**Assignment:** Leaving out the pictures, reproduce each record exactly and in full.

[Data entries]
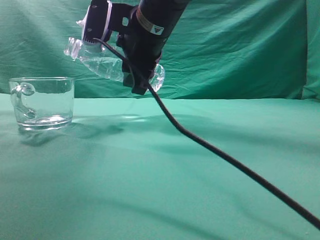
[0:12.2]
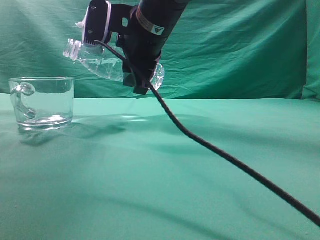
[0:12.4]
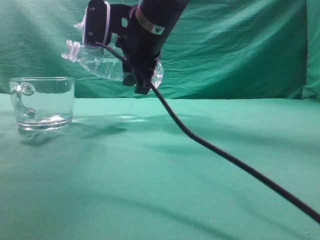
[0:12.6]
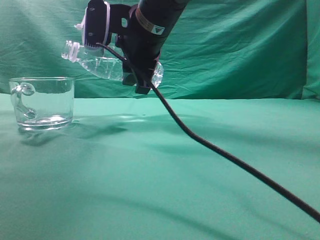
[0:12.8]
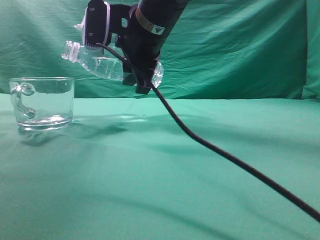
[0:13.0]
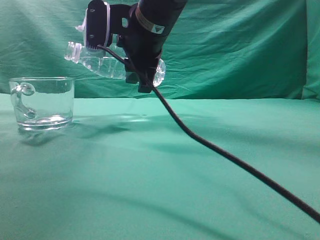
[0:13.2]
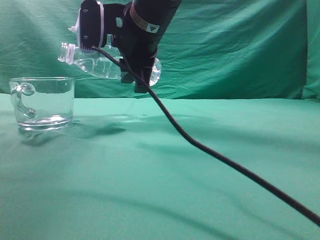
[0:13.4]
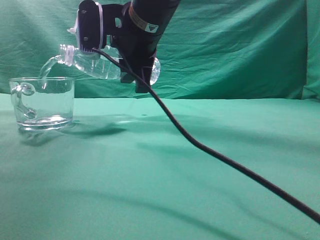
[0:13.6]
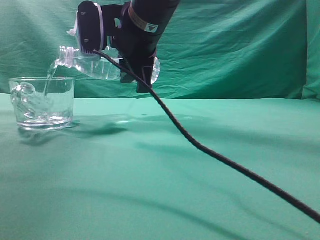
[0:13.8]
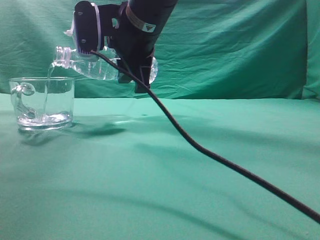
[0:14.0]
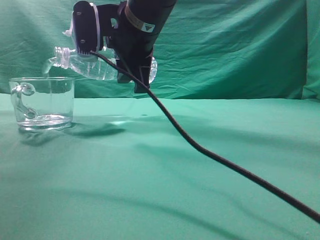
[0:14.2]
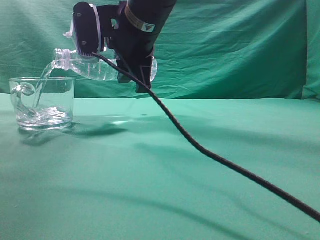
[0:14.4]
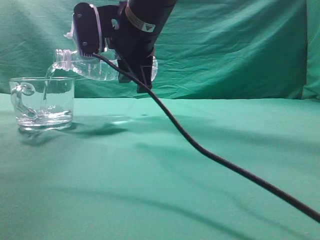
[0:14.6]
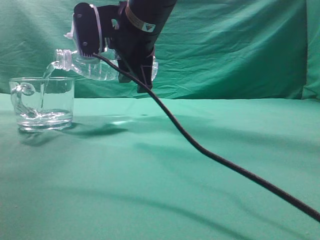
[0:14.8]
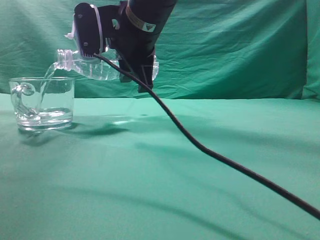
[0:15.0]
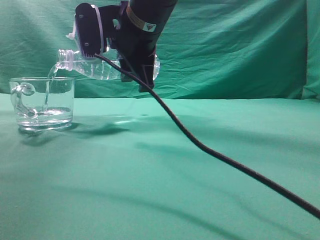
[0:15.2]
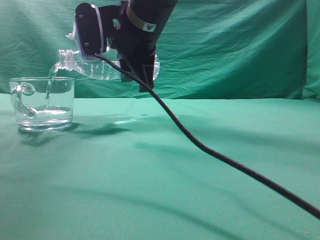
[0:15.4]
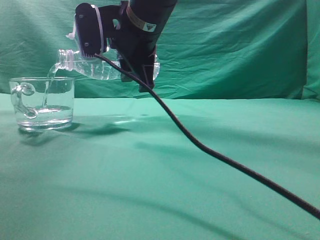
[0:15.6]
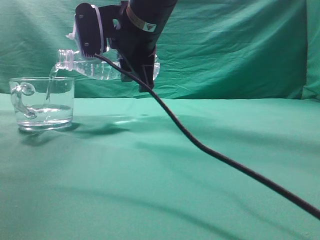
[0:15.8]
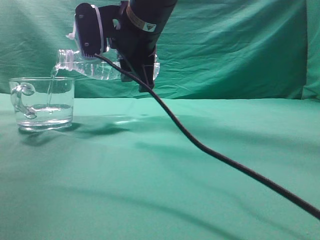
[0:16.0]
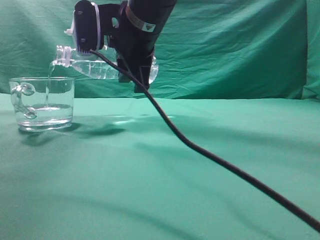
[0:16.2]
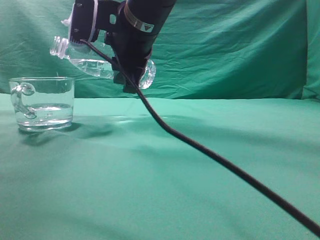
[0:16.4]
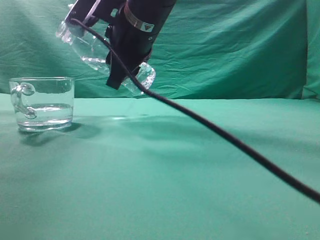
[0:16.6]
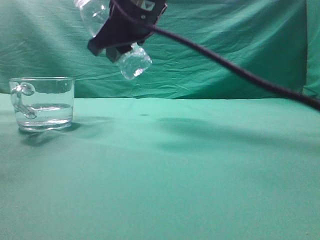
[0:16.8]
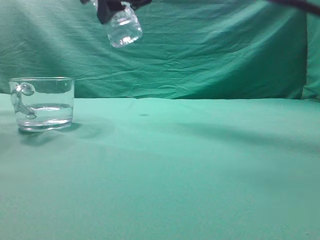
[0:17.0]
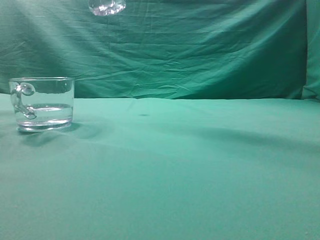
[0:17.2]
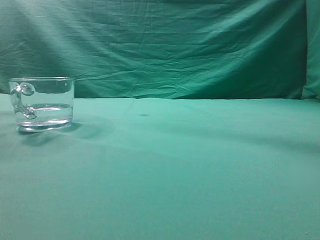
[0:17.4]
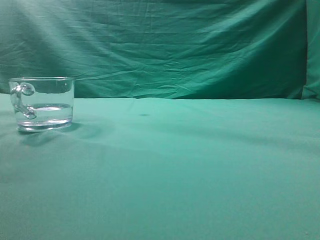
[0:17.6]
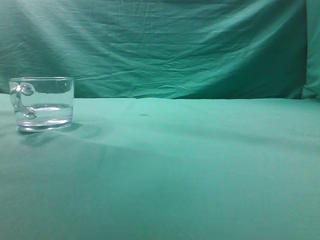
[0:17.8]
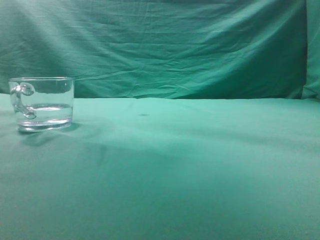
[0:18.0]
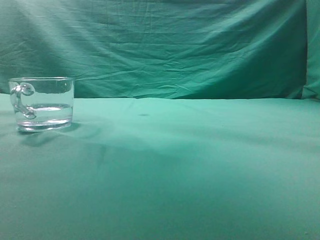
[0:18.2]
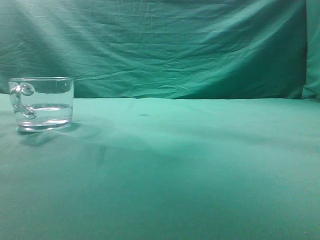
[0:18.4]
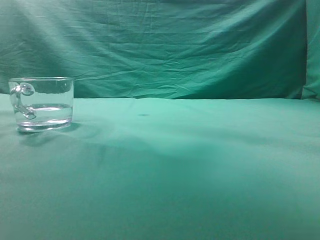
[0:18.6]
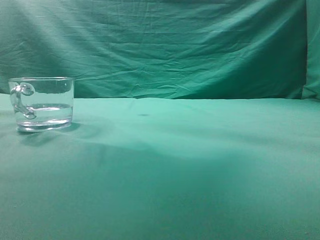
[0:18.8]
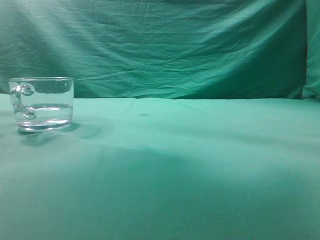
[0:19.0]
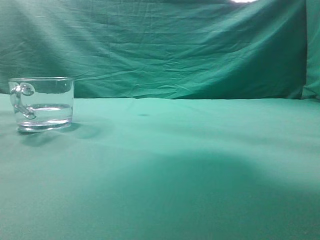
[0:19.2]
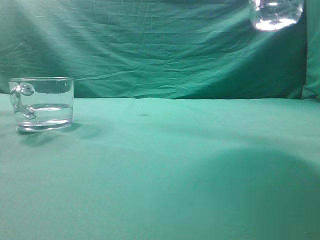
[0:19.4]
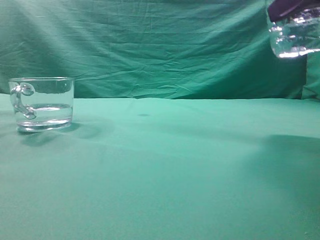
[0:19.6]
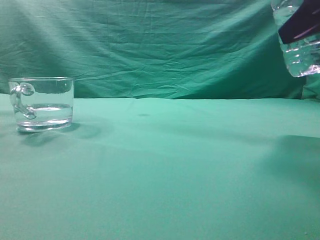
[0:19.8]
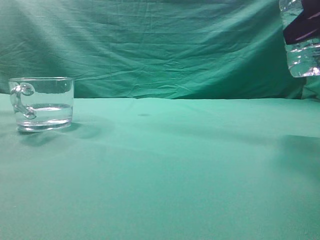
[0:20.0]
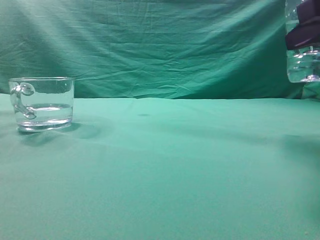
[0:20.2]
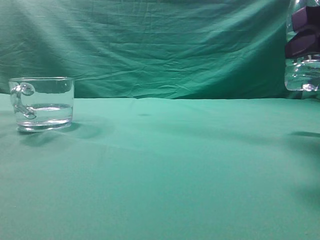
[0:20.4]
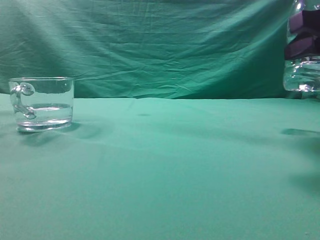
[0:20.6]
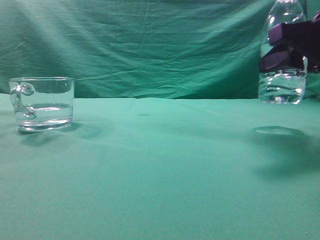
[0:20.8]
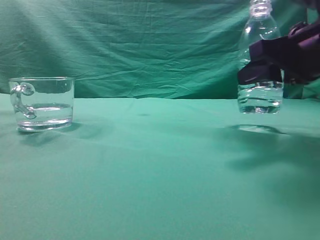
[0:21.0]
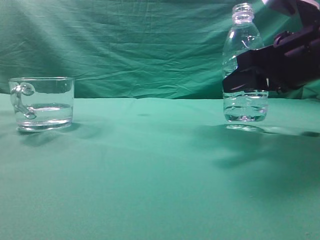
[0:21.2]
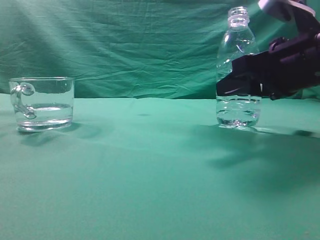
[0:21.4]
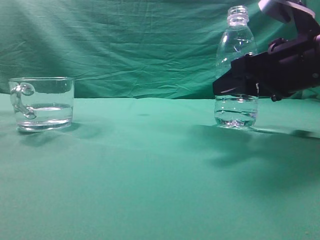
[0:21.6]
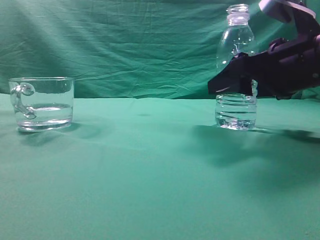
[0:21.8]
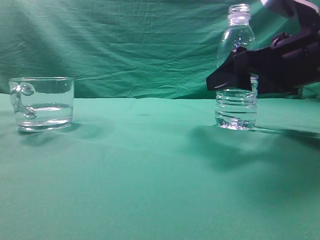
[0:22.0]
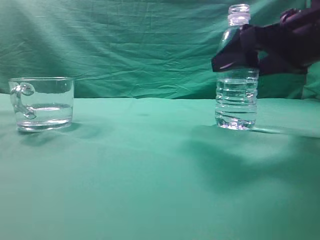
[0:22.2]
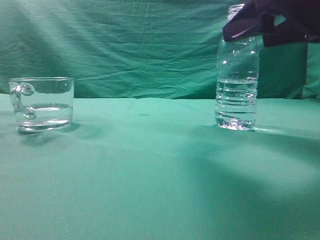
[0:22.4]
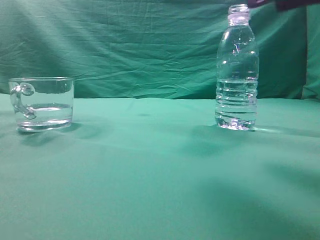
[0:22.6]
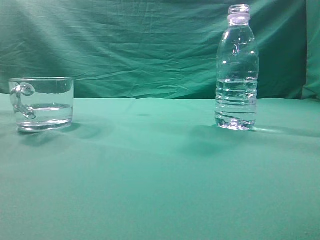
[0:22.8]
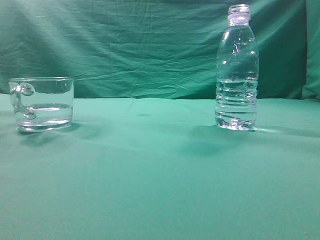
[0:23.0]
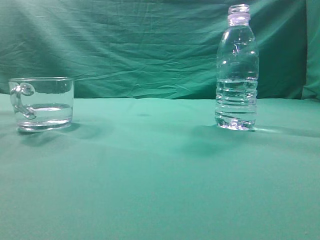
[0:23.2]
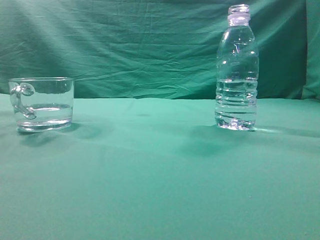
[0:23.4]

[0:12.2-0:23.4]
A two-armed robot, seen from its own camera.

**Completed task:**
[0:12.2]
[0:12.4]
[0:12.6]
[0:12.8]
[0:13.0]
[0:13.2]
[0:13.4]
[0:13.6]
[0:13.8]
[0:14.0]
[0:14.2]
[0:14.4]
[0:14.6]
[0:14.8]
[0:15.0]
[0:15.2]
[0:15.4]
[0:15.6]
[0:15.8]
[0:16.0]
[0:16.2]
[0:16.4]
[0:16.6]
[0:16.8]
[0:17.0]
[0:17.2]
[0:17.4]
[0:17.6]
[0:17.8]
[0:18.0]
[0:18.2]
[0:18.4]
[0:18.6]
[0:18.8]
[0:19.0]
[0:19.2]
[0:19.4]
[0:19.6]
[0:19.8]
[0:20.0]
[0:20.2]
[0:20.4]
[0:20.6]
[0:20.8]
[0:21.0]
[0:21.2]
[0:21.4]
[0:21.6]
[0:21.8]
[0:22.0]
[0:22.2]
[0:22.4]
[0:22.6]
[0:22.8]
[0:23.0]
[0:23.2]
[0:23.4]

[0:12.2-0:23.4]
A two-armed robot, seen from its own camera.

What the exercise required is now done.